At the end, we sum the length of text and number of word accross all key-value to obtain total length of text and total number of word where they are equal to 44 and 11 respesctively in this case. In this case, the average length of word is (29 + 15)/(8+3) = 4 characters/word

![](img/q3_a.png "")

### Option 2:

- **Input**:  Key-value pairs $(k3, v3)$ where $k3$ is length and $v3$ is the number of words
- **Map**: recall the output from the exercise 2 where we have (word length, number of word) denoted as $(k3, v3)$ as output. We then map $(k3, v3)$ to $(k4, v4)$ using node id (chunk id) as key, $k4$, and a tuple of $(v3, k3xv3)$ as value $v4$. We can see that $k3xv3$ will represent the total length.
- **Shuffle**: The output $(k4, v4)$ from mapping stage will be sorted according to key, $k4$, and group the value, $v4$, together in the list if they came from the same key.
- **Reduce**: We then apply reduce function ``lambda x, y: ((x[0]+y[0]+z[0]) / (x[1]+y[1]+z[1]))`` on the list of $v4$ in for each key $k4$. Therefore, we now obtain the (key, value) of (k4, (total number of word, total length)). We now can easily calculate the average number of word where we sum the total number of word and total length accross all key $k4$.
<br>

In this case we will have the average length of word equal to (16 + 14 + 14)/(6 + 3 + 2) = 4 chars/word which equal to the 1st option.

![](img/q3_b.png)

## Exercise 4. Find a list of common friends *between pairs of friends*.
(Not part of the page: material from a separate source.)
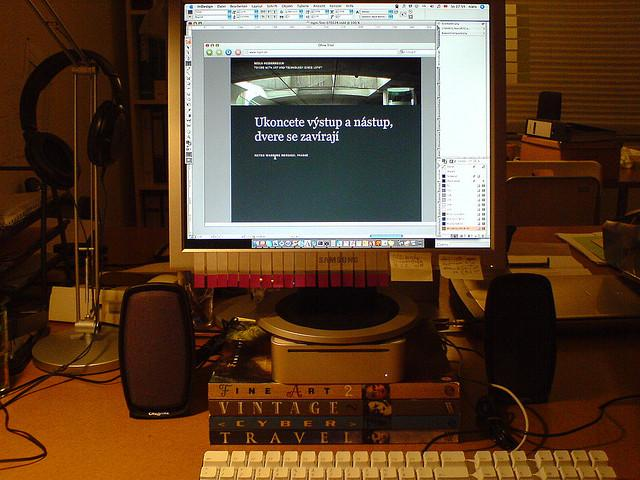What is the monitor sitting on top of above the desk? Please explain your reasoning. books. It looks like to be sitting on some books 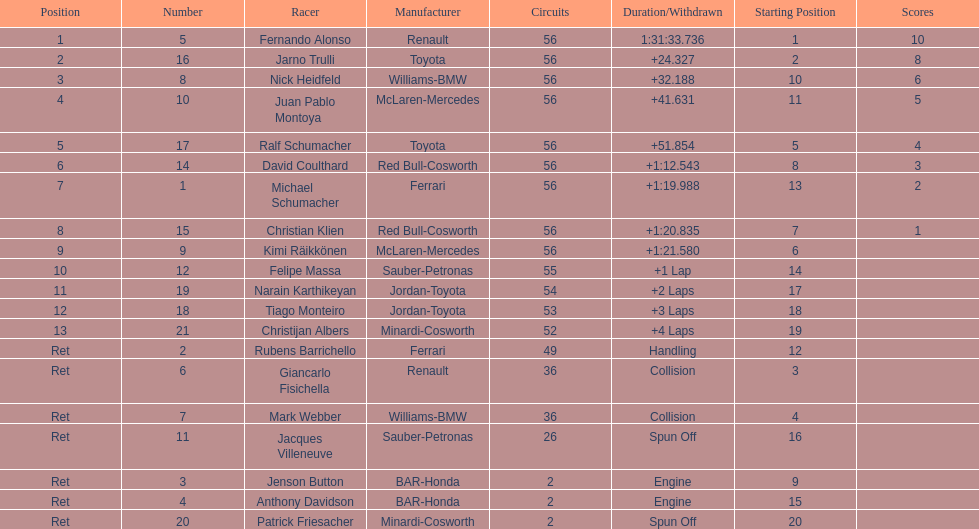Who was the last driver to actually finish the race? Christijan Albers. Parse the table in full. {'header': ['Position', 'Number', 'Racer', 'Manufacturer', 'Circuits', 'Duration/Withdrawn', 'Starting Position', 'Scores'], 'rows': [['1', '5', 'Fernando Alonso', 'Renault', '56', '1:31:33.736', '1', '10'], ['2', '16', 'Jarno Trulli', 'Toyota', '56', '+24.327', '2', '8'], ['3', '8', 'Nick Heidfeld', 'Williams-BMW', '56', '+32.188', '10', '6'], ['4', '10', 'Juan Pablo Montoya', 'McLaren-Mercedes', '56', '+41.631', '11', '5'], ['5', '17', 'Ralf Schumacher', 'Toyota', '56', '+51.854', '5', '4'], ['6', '14', 'David Coulthard', 'Red Bull-Cosworth', '56', '+1:12.543', '8', '3'], ['7', '1', 'Michael Schumacher', 'Ferrari', '56', '+1:19.988', '13', '2'], ['8', '15', 'Christian Klien', 'Red Bull-Cosworth', '56', '+1:20.835', '7', '1'], ['9', '9', 'Kimi Räikkönen', 'McLaren-Mercedes', '56', '+1:21.580', '6', ''], ['10', '12', 'Felipe Massa', 'Sauber-Petronas', '55', '+1 Lap', '14', ''], ['11', '19', 'Narain Karthikeyan', 'Jordan-Toyota', '54', '+2 Laps', '17', ''], ['12', '18', 'Tiago Monteiro', 'Jordan-Toyota', '53', '+3 Laps', '18', ''], ['13', '21', 'Christijan Albers', 'Minardi-Cosworth', '52', '+4 Laps', '19', ''], ['Ret', '2', 'Rubens Barrichello', 'Ferrari', '49', 'Handling', '12', ''], ['Ret', '6', 'Giancarlo Fisichella', 'Renault', '36', 'Collision', '3', ''], ['Ret', '7', 'Mark Webber', 'Williams-BMW', '36', 'Collision', '4', ''], ['Ret', '11', 'Jacques Villeneuve', 'Sauber-Petronas', '26', 'Spun Off', '16', ''], ['Ret', '3', 'Jenson Button', 'BAR-Honda', '2', 'Engine', '9', ''], ['Ret', '4', 'Anthony Davidson', 'BAR-Honda', '2', 'Engine', '15', ''], ['Ret', '20', 'Patrick Friesacher', 'Minardi-Cosworth', '2', 'Spun Off', '20', '']]}

Obtain a list of common friends for each pair of friends. That is, for each two people that are friends (assuming friendship is bi-directional), you need to find the friends in common.

You are asked to design the map and reduce functions that read a file that contains a list of friends for each person. Using map and reduce functions you should find for each pair of friends, the list of common friends.

**Input**: A file with the following format: Person -> List of friends.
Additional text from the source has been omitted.